[Information supplied]:
== == ==
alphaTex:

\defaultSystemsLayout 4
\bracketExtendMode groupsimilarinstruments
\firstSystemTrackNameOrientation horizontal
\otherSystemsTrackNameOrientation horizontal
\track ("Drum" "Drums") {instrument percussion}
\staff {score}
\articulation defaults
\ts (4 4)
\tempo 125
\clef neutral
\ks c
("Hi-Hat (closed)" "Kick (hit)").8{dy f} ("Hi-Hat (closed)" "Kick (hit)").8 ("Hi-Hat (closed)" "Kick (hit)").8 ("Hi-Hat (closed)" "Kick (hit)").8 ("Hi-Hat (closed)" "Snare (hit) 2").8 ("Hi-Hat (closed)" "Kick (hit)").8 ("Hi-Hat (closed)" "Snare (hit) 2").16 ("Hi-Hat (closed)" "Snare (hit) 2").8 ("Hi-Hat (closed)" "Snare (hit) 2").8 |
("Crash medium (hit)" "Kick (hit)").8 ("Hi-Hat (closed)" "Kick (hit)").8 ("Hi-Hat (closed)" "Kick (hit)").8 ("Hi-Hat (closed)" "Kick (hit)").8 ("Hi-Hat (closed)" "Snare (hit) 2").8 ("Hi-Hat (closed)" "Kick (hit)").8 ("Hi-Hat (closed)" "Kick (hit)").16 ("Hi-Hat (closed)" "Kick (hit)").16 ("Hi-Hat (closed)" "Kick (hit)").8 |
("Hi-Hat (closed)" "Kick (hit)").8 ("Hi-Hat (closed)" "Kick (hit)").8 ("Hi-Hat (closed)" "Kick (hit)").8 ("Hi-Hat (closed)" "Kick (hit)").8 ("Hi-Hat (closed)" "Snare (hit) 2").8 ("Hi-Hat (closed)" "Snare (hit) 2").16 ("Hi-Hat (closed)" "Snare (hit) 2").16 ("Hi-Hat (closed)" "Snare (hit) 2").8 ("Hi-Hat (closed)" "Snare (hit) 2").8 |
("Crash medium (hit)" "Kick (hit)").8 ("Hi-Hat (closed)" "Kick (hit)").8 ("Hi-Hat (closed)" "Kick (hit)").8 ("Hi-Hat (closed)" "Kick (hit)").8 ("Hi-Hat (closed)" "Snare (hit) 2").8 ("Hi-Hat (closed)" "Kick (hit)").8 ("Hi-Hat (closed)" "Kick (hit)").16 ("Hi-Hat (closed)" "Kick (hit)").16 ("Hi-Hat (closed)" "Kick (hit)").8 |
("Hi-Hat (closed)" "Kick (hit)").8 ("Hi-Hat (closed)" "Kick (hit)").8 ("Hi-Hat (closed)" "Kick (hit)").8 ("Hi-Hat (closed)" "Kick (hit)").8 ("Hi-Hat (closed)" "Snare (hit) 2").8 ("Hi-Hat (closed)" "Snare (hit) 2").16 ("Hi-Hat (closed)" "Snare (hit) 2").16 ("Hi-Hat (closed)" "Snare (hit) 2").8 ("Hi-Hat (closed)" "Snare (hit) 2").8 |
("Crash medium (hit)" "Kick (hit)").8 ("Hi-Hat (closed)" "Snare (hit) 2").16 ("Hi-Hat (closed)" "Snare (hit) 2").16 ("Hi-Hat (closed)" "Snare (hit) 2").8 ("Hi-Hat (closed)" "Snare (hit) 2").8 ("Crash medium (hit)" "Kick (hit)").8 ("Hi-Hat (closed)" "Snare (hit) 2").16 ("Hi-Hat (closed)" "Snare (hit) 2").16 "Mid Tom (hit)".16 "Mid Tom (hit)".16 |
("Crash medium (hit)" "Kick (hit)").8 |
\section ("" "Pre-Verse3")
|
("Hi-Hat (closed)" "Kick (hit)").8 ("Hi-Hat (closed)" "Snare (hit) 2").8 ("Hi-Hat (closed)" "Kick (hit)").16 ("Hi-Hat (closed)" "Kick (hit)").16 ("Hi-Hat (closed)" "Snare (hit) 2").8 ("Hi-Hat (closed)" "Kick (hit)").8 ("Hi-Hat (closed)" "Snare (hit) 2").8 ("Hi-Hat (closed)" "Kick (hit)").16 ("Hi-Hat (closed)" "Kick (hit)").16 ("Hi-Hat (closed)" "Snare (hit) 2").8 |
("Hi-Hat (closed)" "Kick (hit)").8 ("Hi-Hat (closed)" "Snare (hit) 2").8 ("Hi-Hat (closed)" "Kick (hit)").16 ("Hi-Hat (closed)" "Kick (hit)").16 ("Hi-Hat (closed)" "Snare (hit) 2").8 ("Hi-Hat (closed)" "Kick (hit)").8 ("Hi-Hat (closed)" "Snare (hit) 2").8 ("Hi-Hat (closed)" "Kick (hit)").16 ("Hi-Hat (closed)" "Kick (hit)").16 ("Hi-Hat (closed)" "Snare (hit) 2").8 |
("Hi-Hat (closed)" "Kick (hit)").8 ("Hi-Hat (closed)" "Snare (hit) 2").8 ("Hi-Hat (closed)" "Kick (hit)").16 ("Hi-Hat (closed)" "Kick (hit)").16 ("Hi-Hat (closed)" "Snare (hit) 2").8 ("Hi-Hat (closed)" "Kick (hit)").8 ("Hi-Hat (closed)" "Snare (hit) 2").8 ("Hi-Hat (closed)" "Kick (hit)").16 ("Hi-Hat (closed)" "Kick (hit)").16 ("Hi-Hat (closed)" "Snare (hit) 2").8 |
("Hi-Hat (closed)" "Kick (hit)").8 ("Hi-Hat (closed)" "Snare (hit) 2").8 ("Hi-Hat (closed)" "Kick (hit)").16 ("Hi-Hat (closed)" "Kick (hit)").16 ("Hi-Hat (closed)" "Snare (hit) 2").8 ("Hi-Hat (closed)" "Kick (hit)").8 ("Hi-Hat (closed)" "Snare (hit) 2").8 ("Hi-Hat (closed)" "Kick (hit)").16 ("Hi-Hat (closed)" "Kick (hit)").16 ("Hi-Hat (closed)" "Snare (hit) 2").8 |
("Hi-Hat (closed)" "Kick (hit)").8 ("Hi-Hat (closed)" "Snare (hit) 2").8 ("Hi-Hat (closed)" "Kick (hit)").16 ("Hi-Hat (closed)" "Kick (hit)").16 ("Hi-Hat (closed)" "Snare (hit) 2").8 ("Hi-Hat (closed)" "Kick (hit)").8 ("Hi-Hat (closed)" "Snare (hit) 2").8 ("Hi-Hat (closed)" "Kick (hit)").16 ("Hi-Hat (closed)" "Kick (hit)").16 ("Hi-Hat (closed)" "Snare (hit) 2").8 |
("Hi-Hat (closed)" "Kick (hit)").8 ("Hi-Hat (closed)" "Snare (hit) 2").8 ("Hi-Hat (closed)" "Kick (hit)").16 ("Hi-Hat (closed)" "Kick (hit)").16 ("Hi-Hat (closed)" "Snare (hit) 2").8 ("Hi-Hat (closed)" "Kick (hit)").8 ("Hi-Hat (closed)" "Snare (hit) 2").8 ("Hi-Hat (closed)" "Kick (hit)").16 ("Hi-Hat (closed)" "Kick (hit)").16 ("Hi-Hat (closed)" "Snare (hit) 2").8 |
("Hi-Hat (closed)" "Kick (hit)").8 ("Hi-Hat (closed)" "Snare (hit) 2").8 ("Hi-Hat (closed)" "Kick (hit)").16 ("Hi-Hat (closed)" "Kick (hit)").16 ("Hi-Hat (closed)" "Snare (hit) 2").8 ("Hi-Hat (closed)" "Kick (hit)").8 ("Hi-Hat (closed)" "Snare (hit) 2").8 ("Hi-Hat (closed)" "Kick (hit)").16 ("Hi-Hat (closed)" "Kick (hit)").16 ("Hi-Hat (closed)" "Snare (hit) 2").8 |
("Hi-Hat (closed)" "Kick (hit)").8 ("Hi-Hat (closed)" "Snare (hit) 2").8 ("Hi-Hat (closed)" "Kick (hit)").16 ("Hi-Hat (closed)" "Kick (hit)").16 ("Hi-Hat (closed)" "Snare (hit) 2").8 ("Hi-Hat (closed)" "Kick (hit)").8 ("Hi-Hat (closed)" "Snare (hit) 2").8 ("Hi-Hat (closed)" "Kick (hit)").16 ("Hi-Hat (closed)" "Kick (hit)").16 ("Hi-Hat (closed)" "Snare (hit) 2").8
== == ==
Report the number of lines above that contain the word "medium", and only that number.

4